[Source records]
==============================
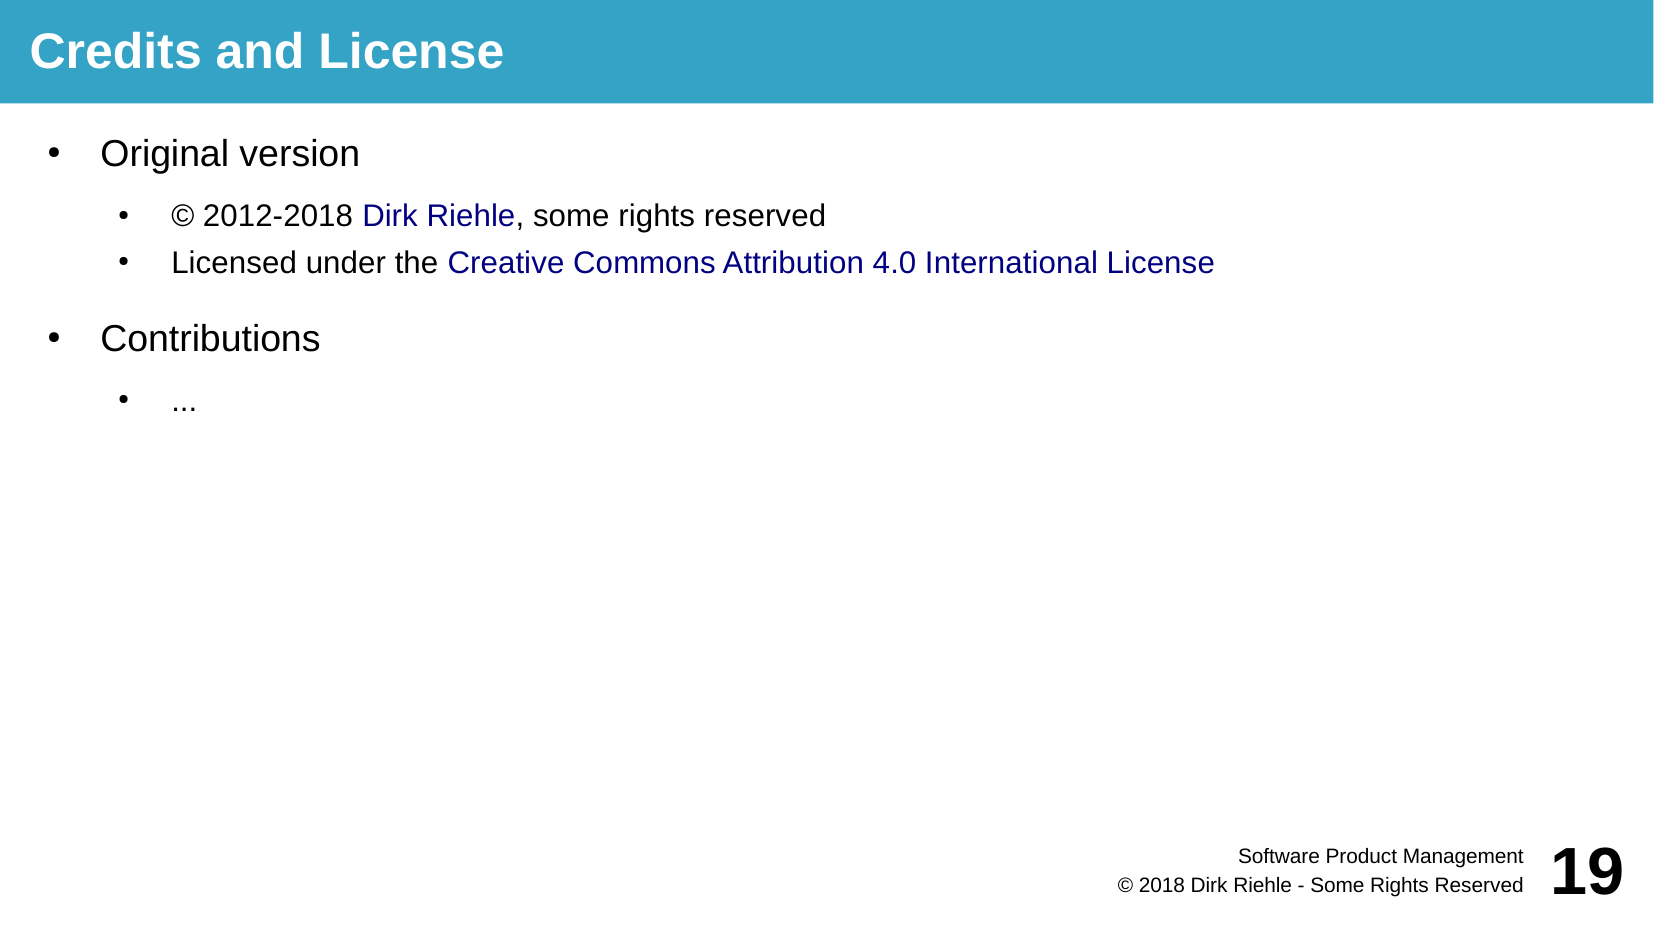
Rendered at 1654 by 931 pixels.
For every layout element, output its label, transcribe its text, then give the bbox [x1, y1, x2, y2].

title Credits and License [0, 0, 1654, 104]
list Original version © 2012-2018 Dirk Riehle, some rights reserved Licensed under the Creative Commons Attribution 4.0 International License Contributions ... [29, 132, 1625, 813]
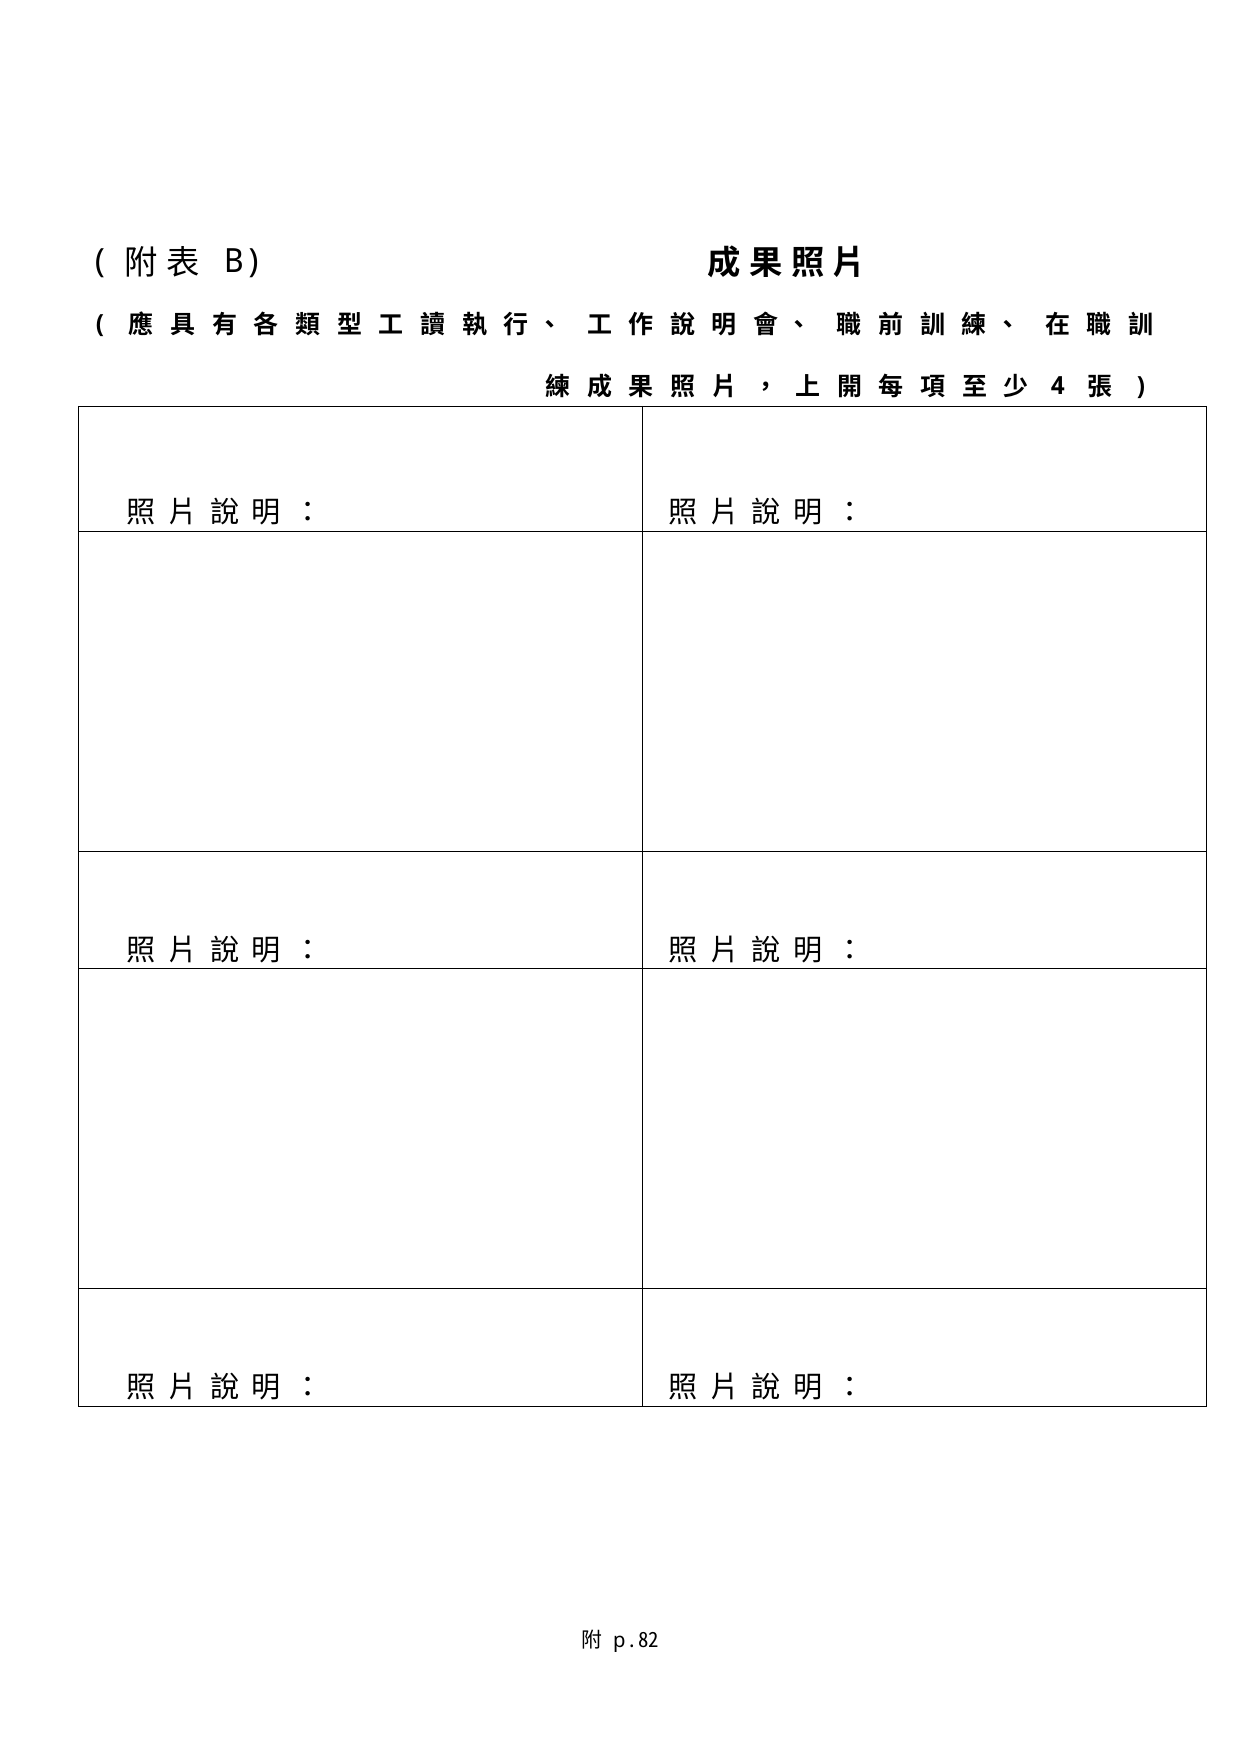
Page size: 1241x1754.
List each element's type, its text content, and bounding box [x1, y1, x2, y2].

table_cell 照片說明： [79, 852, 642, 968]
table_cell 照片說明： [643, 852, 1206, 968]
table_cell [643, 532, 1206, 851]
table_cell [79, 969, 642, 1288]
table_header 照片說明： [79, 407, 642, 531]
table_cell [79, 532, 642, 851]
table_header 照片說明： [643, 407, 1206, 531]
text (應具有各類型工讀執行、工作說明會、職前訓練、在職訓練成果照片，上開每項至少4張) [78, 281, 1162, 406]
table_cell 照片說明： [643, 1289, 1206, 1406]
table_cell [643, 969, 1206, 1288]
table_cell 照片說明： [79, 1289, 642, 1406]
text (附表B) 成果照片 [78, 218, 1162, 281]
==============================
§ **Task objective**: Although the records include pictures, the copy should reproduce every line exactly and none of the pictures.

§ **Result below**:
Rendered at 1654 by 931 pixels.
For every layout element, output its label, transcribe its text, then give the bbox [x1, y1, x2, y2].

title Credits and License [0, 0, 1654, 104]
list Original version © 2012-2018 Dirk Riehle, some rights reserved Licensed under the Creative Commons Attribution 4.0 International License Contributions ... [29, 132, 1625, 813]
Page size: 1241x1754.
List each element's type, its text content, and bounding box [x1, y1, x2, y2].

table_cell 照片說明： [79, 852, 642, 968]
table_cell 照片說明： [643, 852, 1206, 968]
table_cell [643, 532, 1206, 851]
table_cell [79, 969, 642, 1288]
table_header 照片說明： [79, 407, 642, 531]
table_cell [79, 532, 642, 851]
table_header 照片說明： [643, 407, 1206, 531]
text (應具有各類型工讀執行、工作說明會、職前訓練、在職訓練成果照片，上開每項至少4張) [78, 281, 1162, 406]
table_cell 照片說明： [643, 1289, 1206, 1406]
table_cell [643, 969, 1206, 1288]
table_cell 照片說明： [79, 1289, 642, 1406]
text (附表B) 成果照片 [78, 218, 1162, 281]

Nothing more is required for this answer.